> _DATA_
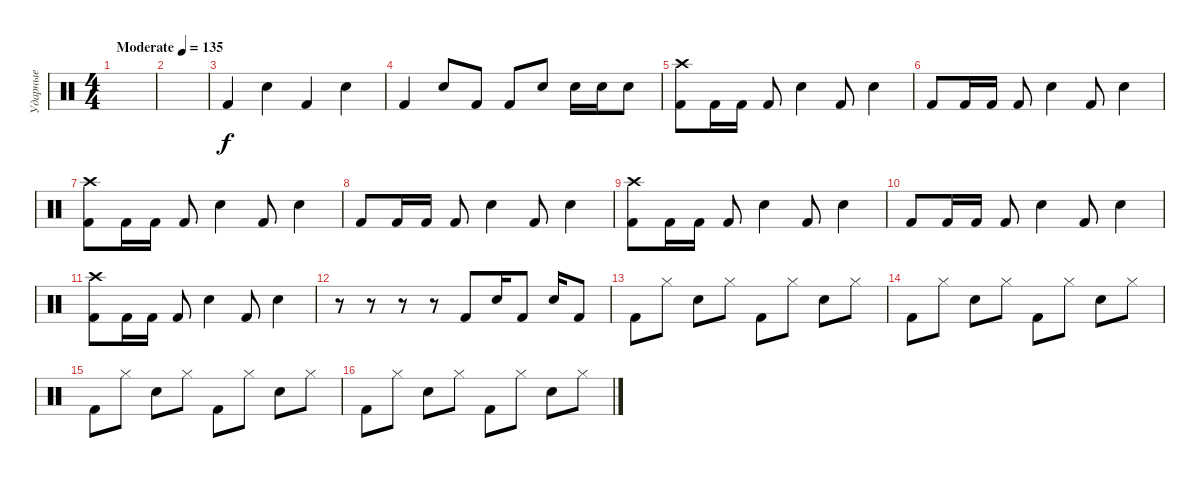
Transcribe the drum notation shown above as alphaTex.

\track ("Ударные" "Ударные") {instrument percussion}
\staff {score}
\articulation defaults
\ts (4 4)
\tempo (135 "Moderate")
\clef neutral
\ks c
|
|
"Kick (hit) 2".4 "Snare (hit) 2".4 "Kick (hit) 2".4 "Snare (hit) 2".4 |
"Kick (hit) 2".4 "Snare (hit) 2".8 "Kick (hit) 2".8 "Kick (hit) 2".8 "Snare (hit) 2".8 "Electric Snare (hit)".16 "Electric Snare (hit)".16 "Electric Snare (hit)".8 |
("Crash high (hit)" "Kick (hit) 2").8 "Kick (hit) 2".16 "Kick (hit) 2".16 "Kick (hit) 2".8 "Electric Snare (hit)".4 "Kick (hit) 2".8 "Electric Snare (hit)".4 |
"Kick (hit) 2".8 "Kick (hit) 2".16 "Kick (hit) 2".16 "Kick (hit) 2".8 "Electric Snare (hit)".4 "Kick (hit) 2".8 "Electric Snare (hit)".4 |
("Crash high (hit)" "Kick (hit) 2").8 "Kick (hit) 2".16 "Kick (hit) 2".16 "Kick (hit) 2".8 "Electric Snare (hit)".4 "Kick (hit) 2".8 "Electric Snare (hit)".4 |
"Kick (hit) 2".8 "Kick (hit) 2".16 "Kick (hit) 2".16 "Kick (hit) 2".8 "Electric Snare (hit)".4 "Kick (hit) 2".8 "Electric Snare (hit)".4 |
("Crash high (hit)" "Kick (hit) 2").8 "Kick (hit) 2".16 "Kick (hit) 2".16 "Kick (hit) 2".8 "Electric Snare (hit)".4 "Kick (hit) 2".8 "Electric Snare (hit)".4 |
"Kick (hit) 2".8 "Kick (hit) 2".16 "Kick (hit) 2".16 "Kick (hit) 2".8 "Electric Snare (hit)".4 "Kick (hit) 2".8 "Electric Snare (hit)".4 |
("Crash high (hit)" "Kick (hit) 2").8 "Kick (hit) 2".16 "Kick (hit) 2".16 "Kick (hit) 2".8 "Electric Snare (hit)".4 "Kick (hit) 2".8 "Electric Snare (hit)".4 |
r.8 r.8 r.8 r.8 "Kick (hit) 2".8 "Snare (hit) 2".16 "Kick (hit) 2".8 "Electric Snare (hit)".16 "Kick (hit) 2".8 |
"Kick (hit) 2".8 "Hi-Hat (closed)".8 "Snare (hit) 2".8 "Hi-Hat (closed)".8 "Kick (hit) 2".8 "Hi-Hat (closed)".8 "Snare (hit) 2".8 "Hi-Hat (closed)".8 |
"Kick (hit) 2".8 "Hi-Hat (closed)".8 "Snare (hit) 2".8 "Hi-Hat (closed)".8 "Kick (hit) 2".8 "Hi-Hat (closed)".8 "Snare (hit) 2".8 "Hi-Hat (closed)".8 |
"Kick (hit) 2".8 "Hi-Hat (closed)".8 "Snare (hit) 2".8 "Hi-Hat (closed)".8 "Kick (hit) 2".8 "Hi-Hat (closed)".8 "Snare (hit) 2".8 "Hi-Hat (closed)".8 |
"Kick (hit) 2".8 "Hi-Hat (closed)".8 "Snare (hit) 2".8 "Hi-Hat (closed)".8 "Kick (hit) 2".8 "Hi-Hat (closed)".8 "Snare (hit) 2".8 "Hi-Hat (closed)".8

> _REQUIRED ACTION_
Restate every line of the listing exactly. Pictures are not part of the copy.

> _RESULT FOR THIS TASK_
Transcribe the drum notation shown above as alphaTex.

\track ("Ударные" "Ударные") {instrument percussion}
\staff {score}
\articulation defaults
\ts (4 4)
\tempo (135 "Moderate")
\clef neutral
\ks c
|
|
"Kick (hit) 2".4 "Snare (hit) 2".4 "Kick (hit) 2".4 "Snare (hit) 2".4 |
"Kick (hit) 2".4 "Snare (hit) 2".8 "Kick (hit) 2".8 "Kick (hit) 2".8 "Snare (hit) 2".8 "Electric Snare (hit)".16 "Electric Snare (hit)".16 "Electric Snare (hit)".8 |
("Crash high (hit)" "Kick (hit) 2").8 "Kick (hit) 2".16 "Kick (hit) 2".16 "Kick (hit) 2".8 "Electric Snare (hit)".4 "Kick (hit) 2".8 "Electric Snare (hit)".4 |
"Kick (hit) 2".8 "Kick (hit) 2".16 "Kick (hit) 2".16 "Kick (hit) 2".8 "Electric Snare (hit)".4 "Kick (hit) 2".8 "Electric Snare (hit)".4 |
("Crash high (hit)" "Kick (hit) 2").8 "Kick (hit) 2".16 "Kick (hit) 2".16 "Kick (hit) 2".8 "Electric Snare (hit)".4 "Kick (hit) 2".8 "Electric Snare (hit)".4 |
"Kick (hit) 2".8 "Kick (hit) 2".16 "Kick (hit) 2".16 "Kick (hit) 2".8 "Electric Snare (hit)".4 "Kick (hit) 2".8 "Electric Snare (hit)".4 |
("Crash high (hit)" "Kick (hit) 2").8 "Kick (hit) 2".16 "Kick (hit) 2".16 "Kick (hit) 2".8 "Electric Snare (hit)".4 "Kick (hit) 2".8 "Electric Snare (hit)".4 |
"Kick (hit) 2".8 "Kick (hit) 2".16 "Kick (hit) 2".16 "Kick (hit) 2".8 "Electric Snare (hit)".4 "Kick (hit) 2".8 "Electric Snare (hit)".4 |
("Crash high (hit)" "Kick (hit) 2").8 "Kick (hit) 2".16 "Kick (hit) 2".16 "Kick (hit) 2".8 "Electric Snare (hit)".4 "Kick (hit) 2".8 "Electric Snare (hit)".4 |
r.8 r.8 r.8 r.8 "Kick (hit) 2".8 "Snare (hit) 2".16 "Kick (hit) 2".8 "Electric Snare (hit)".16 "Kick (hit) 2".8 |
"Kick (hit) 2".8 "Hi-Hat (closed)".8 "Snare (hit) 2".8 "Hi-Hat (closed)".8 "Kick (hit) 2".8 "Hi-Hat (closed)".8 "Snare (hit) 2".8 "Hi-Hat (closed)".8 |
"Kick (hit) 2".8 "Hi-Hat (closed)".8 "Snare (hit) 2".8 "Hi-Hat (closed)".8 "Kick (hit) 2".8 "Hi-Hat (closed)".8 "Snare (hit) 2".8 "Hi-Hat (closed)".8 |
"Kick (hit) 2".8 "Hi-Hat (closed)".8 "Snare (hit) 2".8 "Hi-Hat (closed)".8 "Kick (hit) 2".8 "Hi-Hat (closed)".8 "Snare (hit) 2".8 "Hi-Hat (closed)".8 |
"Kick (hit) 2".8 "Hi-Hat (closed)".8 "Snare (hit) 2".8 "Hi-Hat (closed)".8 "Kick (hit) 2".8 "Hi-Hat (closed)".8 "Snare (hit) 2".8 "Hi-Hat (closed)".8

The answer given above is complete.